Merging paired-end reads

Mehrdad · March 4, 2019, 11:57pm

I have received paired-end reads from HiSeq Illumina platform. The PCR amplicon was 480 bp in length, 2*240.

In merging by DADA2, how will they have overlapping while they have no bases in common? I am just curious to learn what is the concept of overlapping in merging two reads(R and F) each other when they have been read 50:50.

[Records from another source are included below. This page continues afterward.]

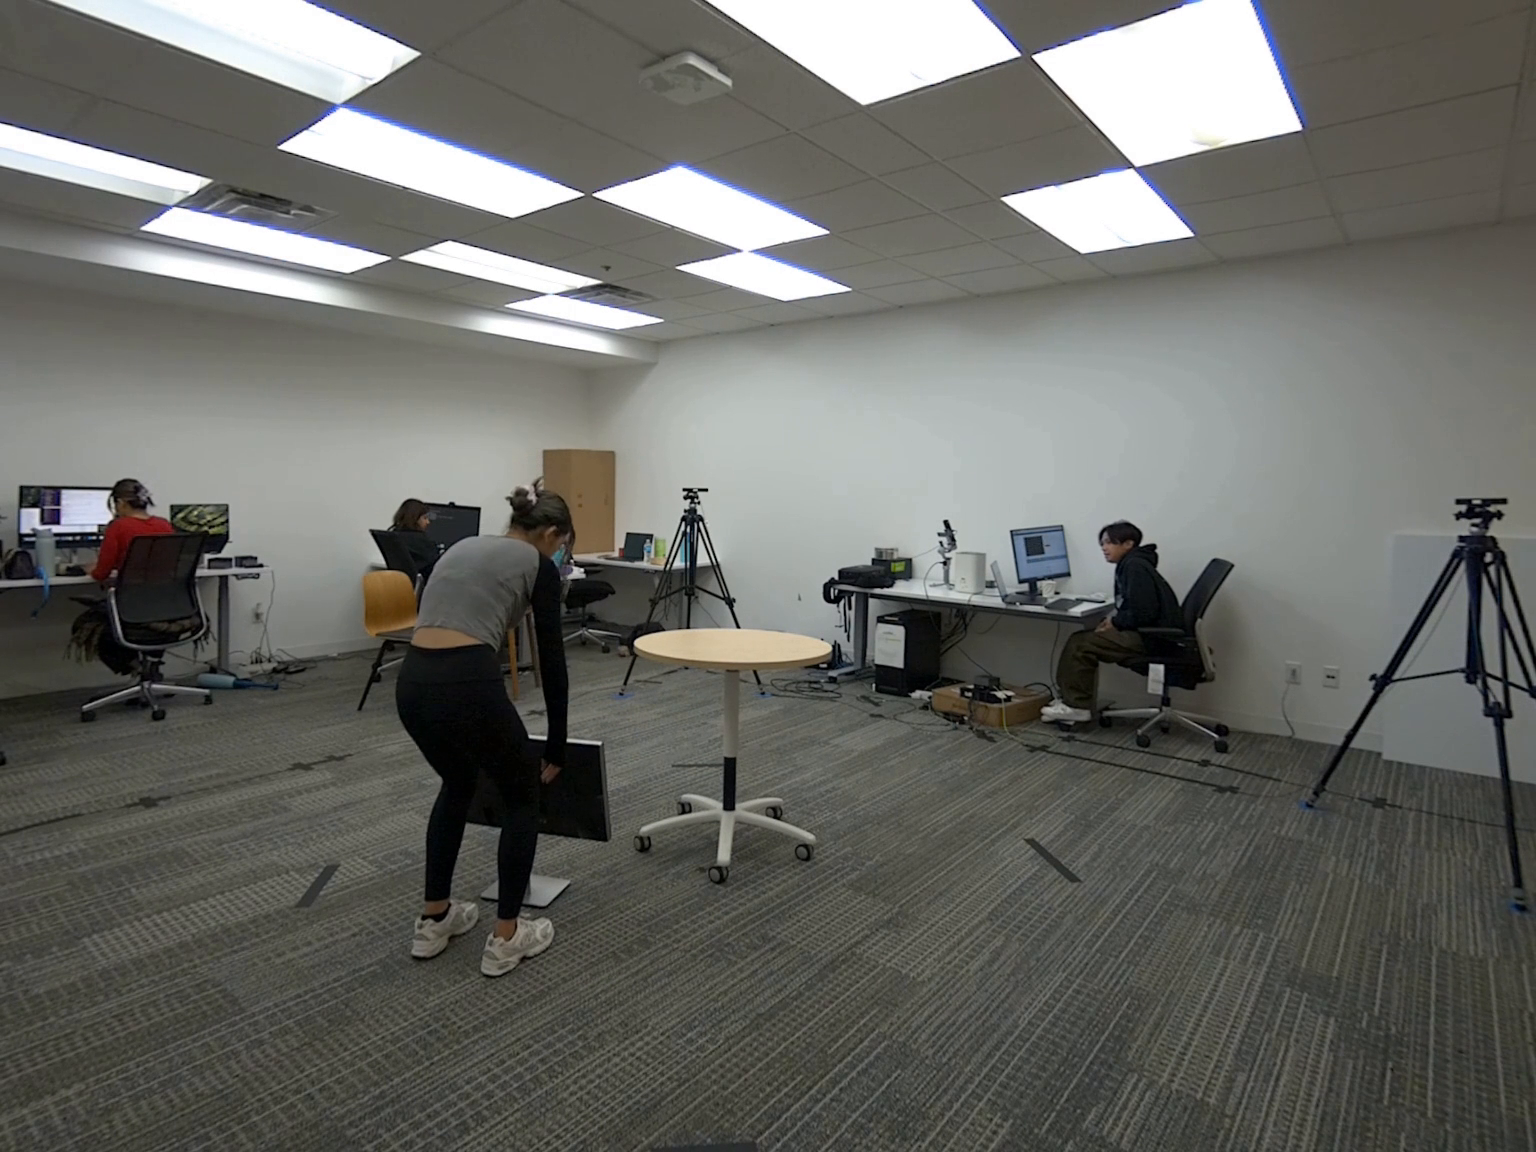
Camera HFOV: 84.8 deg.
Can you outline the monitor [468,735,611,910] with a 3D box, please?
[{"bbox_3d":[-0.835,0.815,2.901,0.548,0.521,0.184,1,2,15],"label":"monitor"}]
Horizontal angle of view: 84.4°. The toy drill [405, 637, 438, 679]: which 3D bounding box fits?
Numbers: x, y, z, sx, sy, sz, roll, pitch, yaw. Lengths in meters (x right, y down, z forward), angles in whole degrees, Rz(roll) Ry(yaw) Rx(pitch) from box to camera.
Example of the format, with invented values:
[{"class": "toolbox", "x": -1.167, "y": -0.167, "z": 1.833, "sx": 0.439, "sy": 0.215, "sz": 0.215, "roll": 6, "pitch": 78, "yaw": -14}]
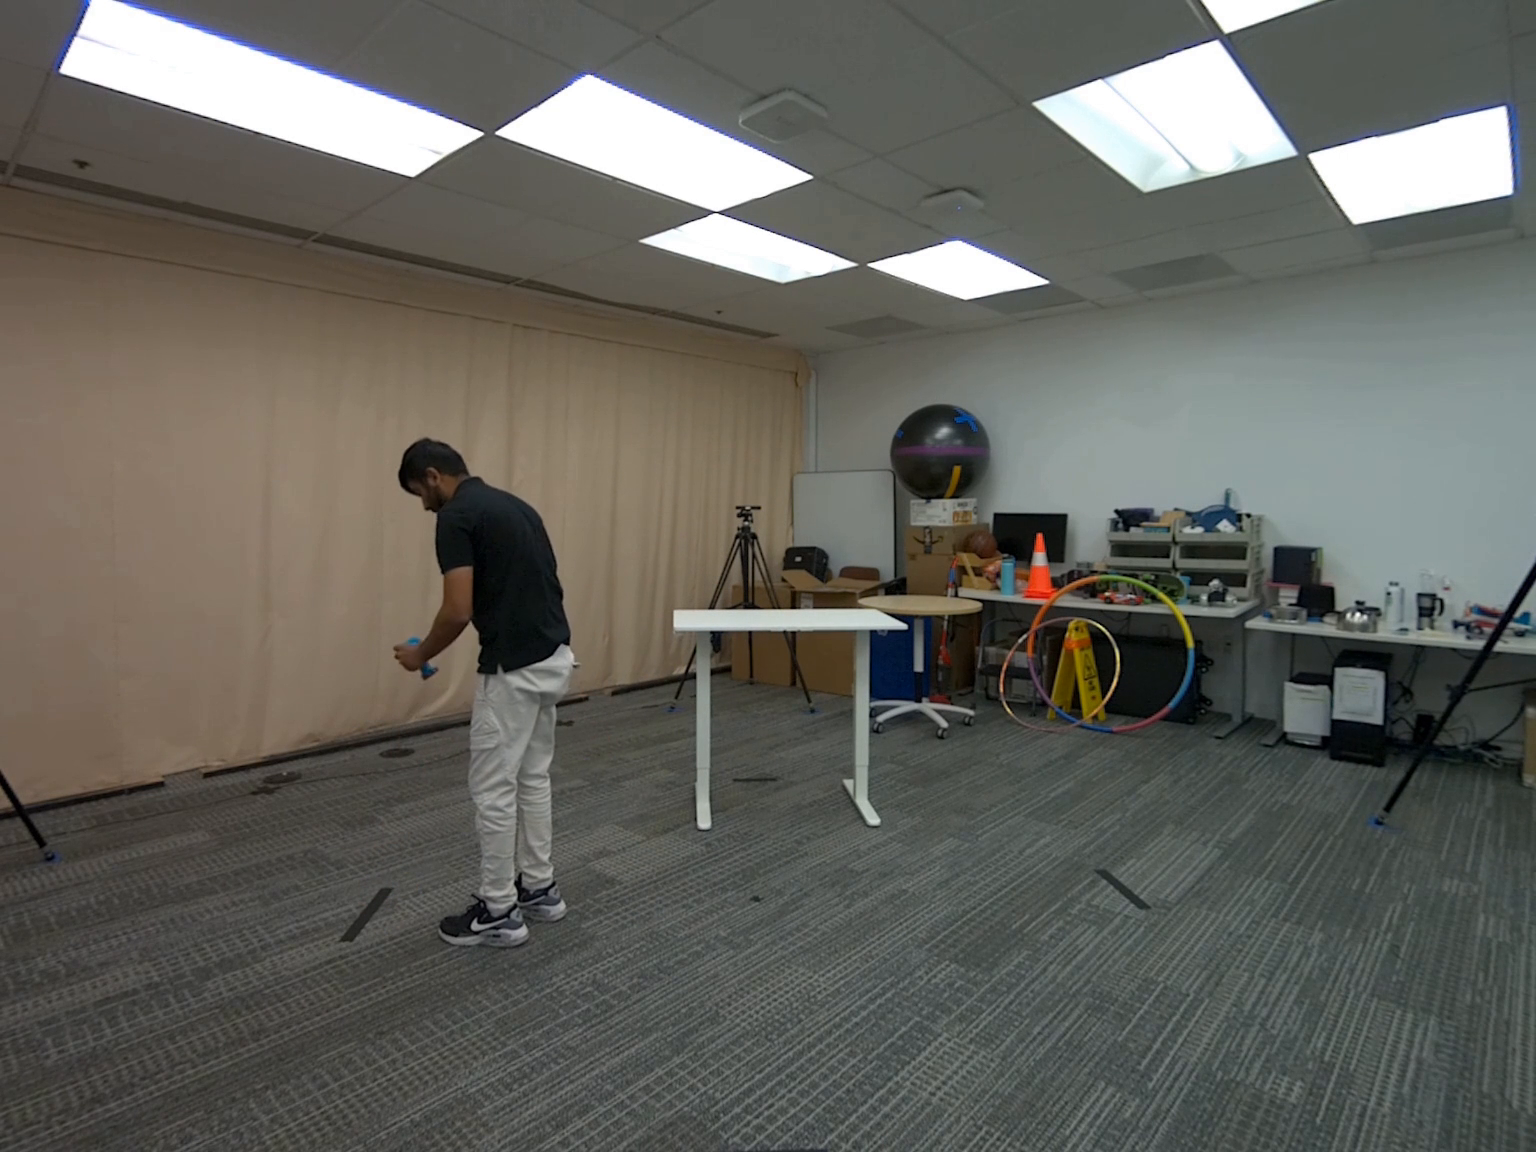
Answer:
[{"class": "toy drill", "x": -1.167, "y": 0.282, "z": 2.822, "sx": 0.061, "sy": 0.145, "sz": 0.170, "roll": -37, "pitch": 6, "yaw": 1}]
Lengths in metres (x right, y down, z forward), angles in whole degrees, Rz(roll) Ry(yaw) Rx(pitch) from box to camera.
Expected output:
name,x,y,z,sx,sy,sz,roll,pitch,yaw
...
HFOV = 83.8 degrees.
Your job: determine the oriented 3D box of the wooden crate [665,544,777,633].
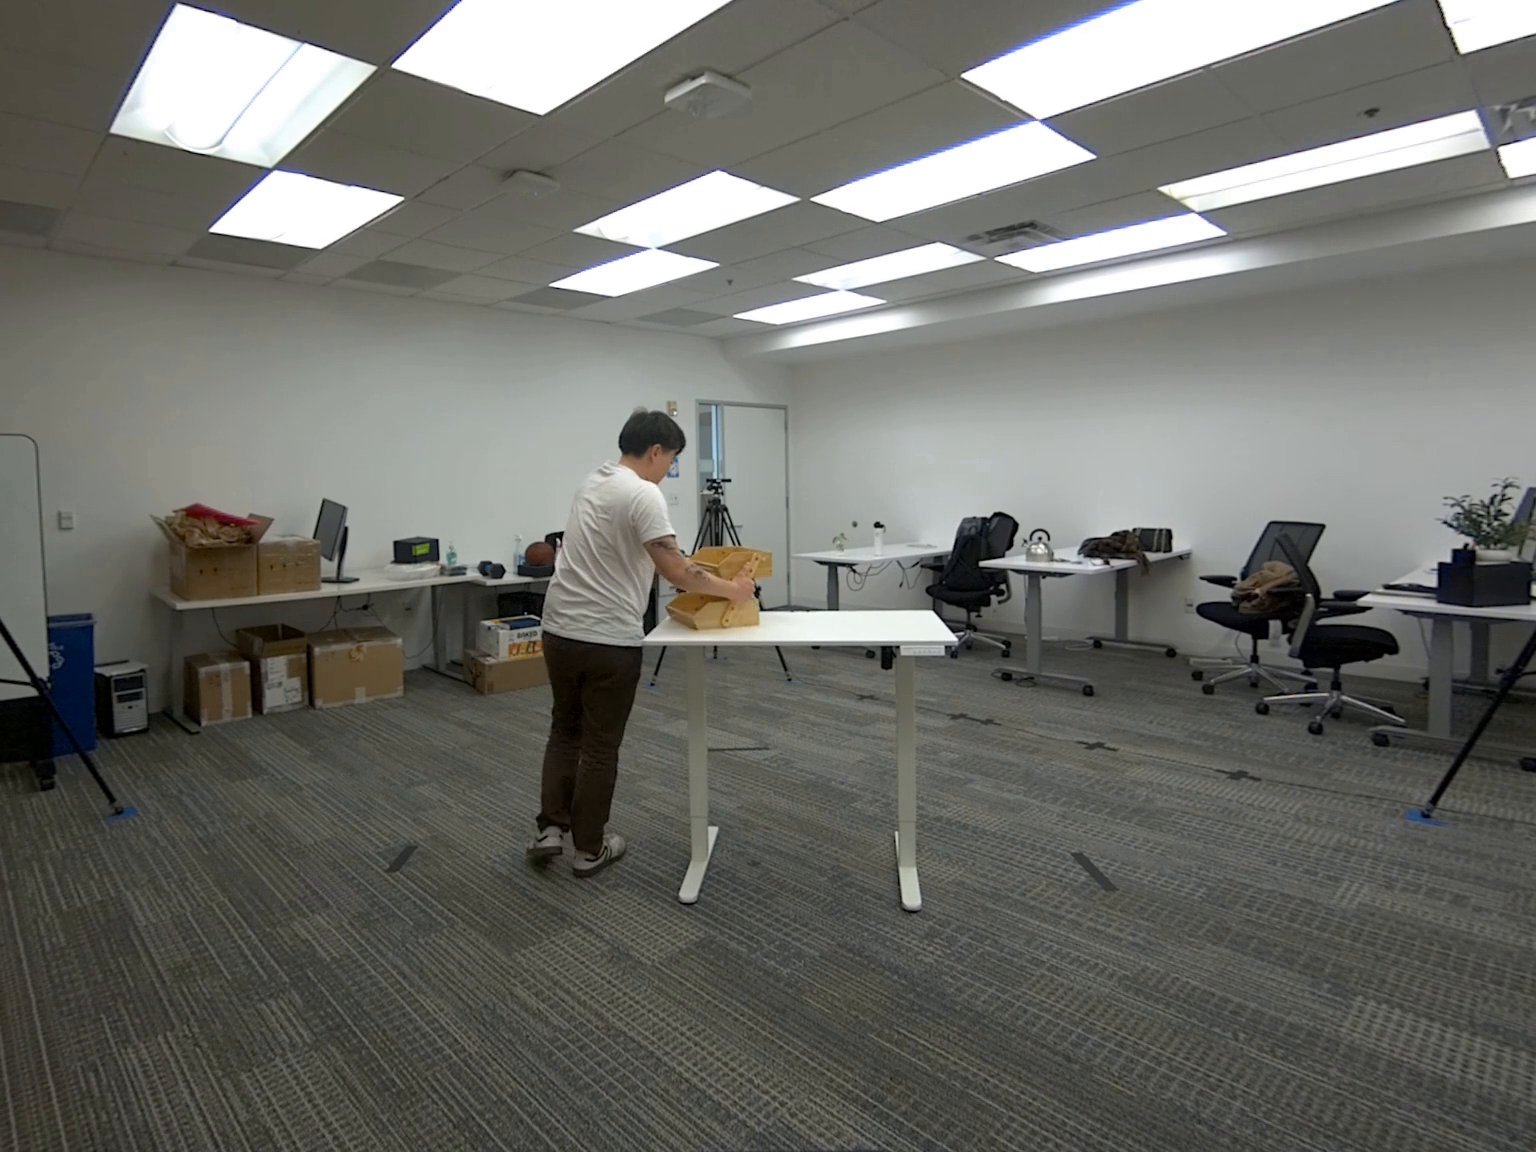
name,x,y,z,sx,sy,sz,roll,pitch,yaw
wooden crate,-0.179,0.033,3.109,0.296,0.272,0.332,-2,5,-23
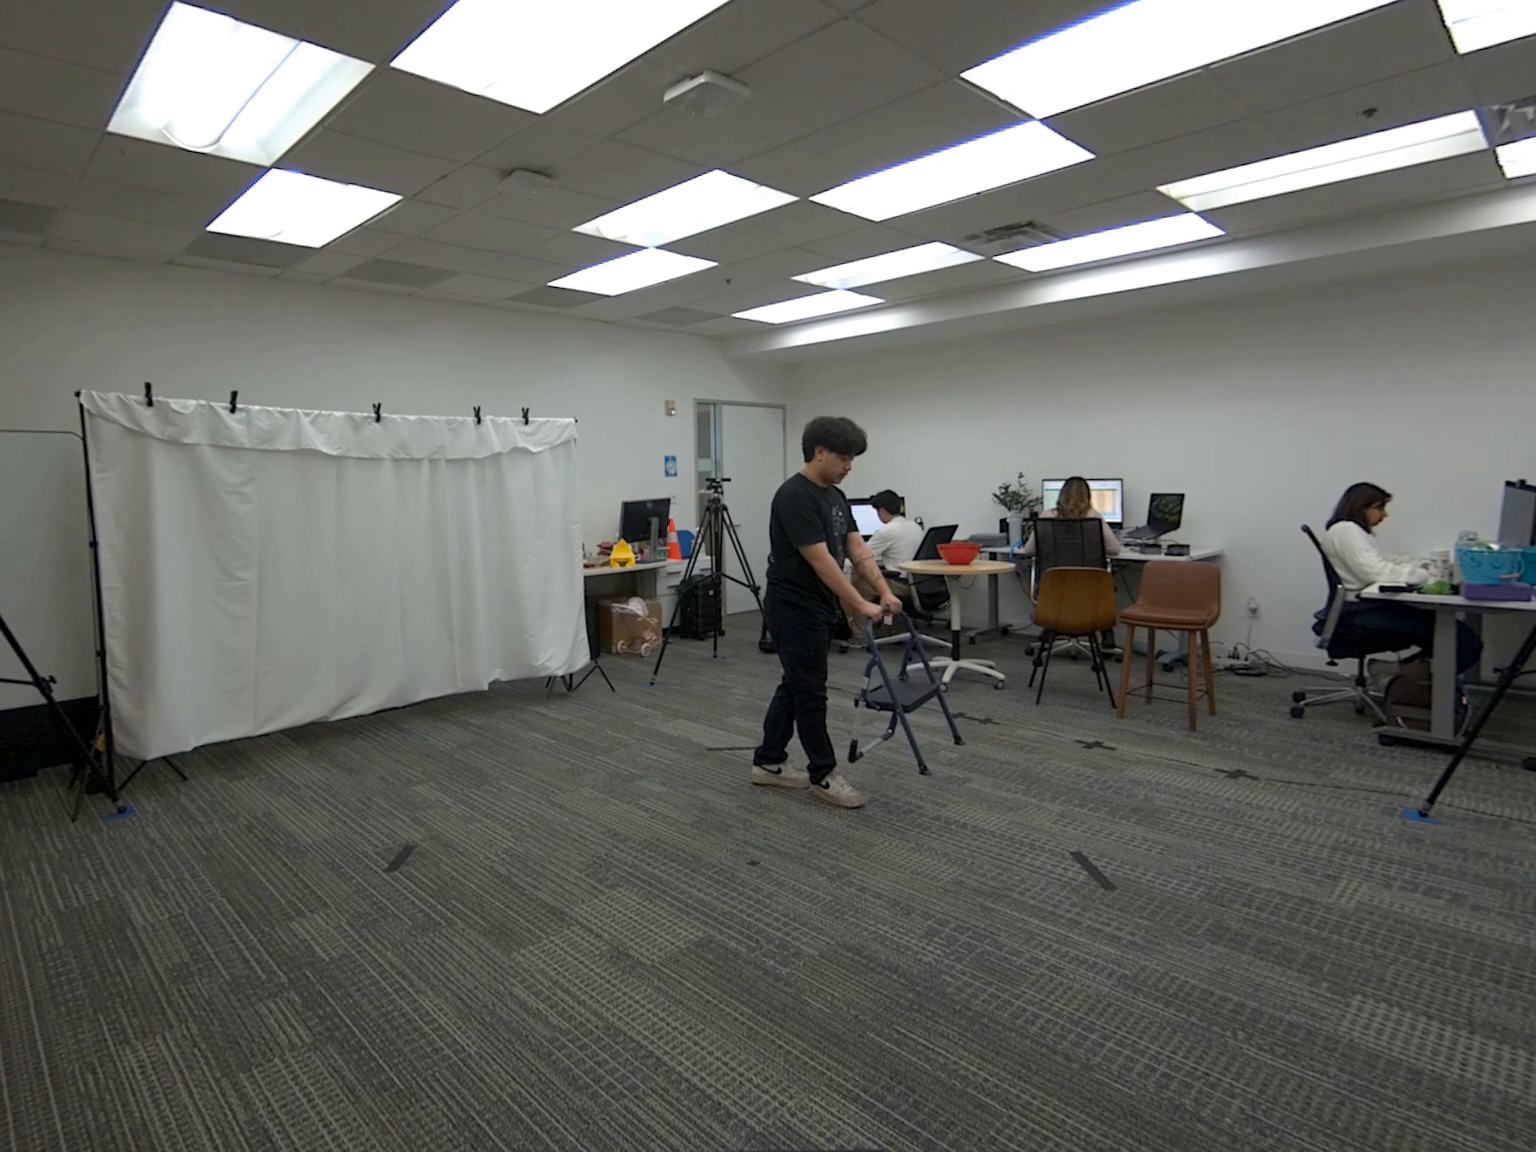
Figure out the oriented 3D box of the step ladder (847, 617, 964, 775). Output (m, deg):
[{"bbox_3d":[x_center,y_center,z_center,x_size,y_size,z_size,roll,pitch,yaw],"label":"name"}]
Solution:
[{"bbox_3d":[0.559,0.441,3.528,0.359,0.604,0.421,0,5,33],"label":"step ladder"}]
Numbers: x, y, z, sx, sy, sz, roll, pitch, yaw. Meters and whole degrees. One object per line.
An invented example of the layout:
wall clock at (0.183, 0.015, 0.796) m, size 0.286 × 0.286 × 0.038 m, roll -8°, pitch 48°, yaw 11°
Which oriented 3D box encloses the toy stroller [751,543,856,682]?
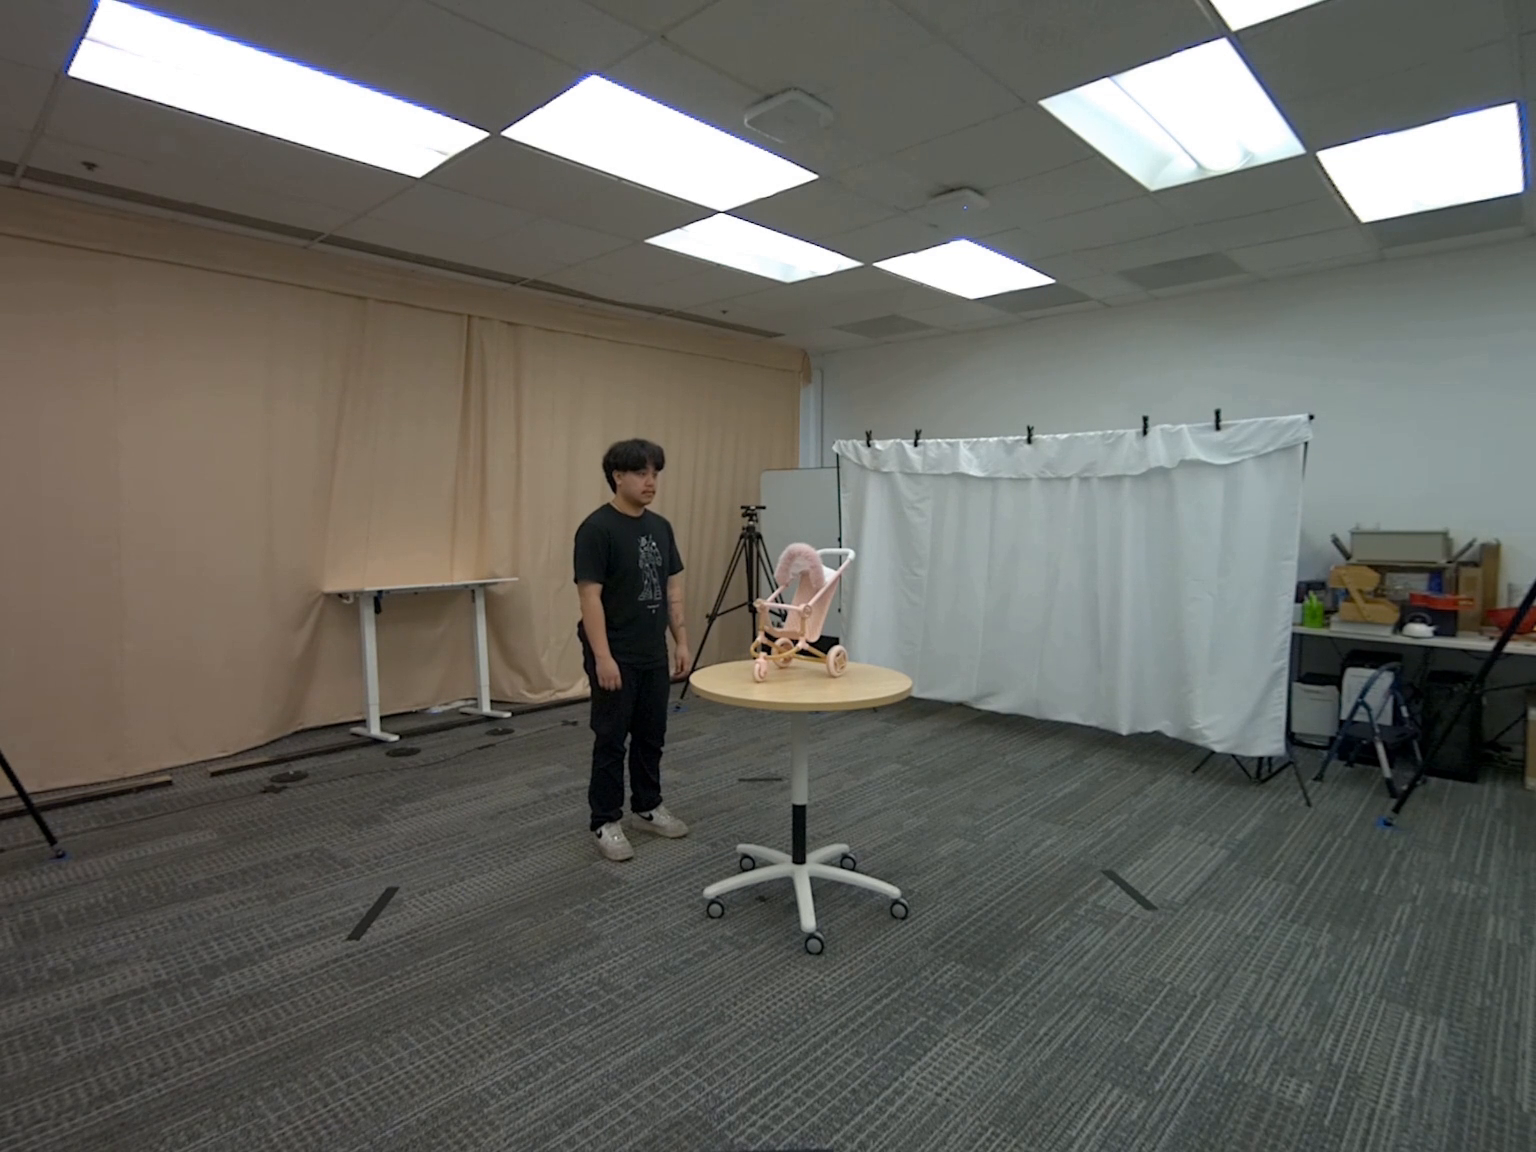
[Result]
toy stroller at (0.111, 0.126, 2.979) m, size 0.329 × 0.536 × 0.291 m, roll 17°, pitch -10°, yaw -41°

For example, In my case PCR amplicon is 480 bp. It means 240 bp read from forward side and 240 bp from reverse side. It does not make sense to have a overlapping region there. This issue is not only for me, but also It think it is applied for everybody's data; otherwise, there is a special explanation that I an unaware.

Please enlighten me!

Thanks

Mehrbod_Estaki · March 5, 2019, 2:42am

Hi @Mehrdad,

How are you determining your amplicon length and 2x240 setup? Are you sure the run you are referring to is in fact 2x240bp? Most of the runs I see from Illumina machines are 2x250bp or 2x300 based on the chemistry kit you use. Is it possible that you actually had a 2x300 bp runs with an expected amplicon size of 480bp? Which means there would be 120bp overlap.
If in fact for some reason you had a 2x240bp run somehow and your expected amplicon size is indeed 480bp then you are correct in that there is no overlap.
q2-dada2 does not allow for merging reads without any overlap. The stand-alone DADA2 in R does have an option for this but it is not advised. My personal opinion on the matter is also that if you have no overlap, just use the forward reads. Without proper merging you are very prone to spurious sequences. Most paired-end runs will certainly consider the need for proper overlap in their design so I would disagree with:

Just double check with your facility/machine to see the exact run specificiations as well as double check your primer designs and targeted amplicon lengths.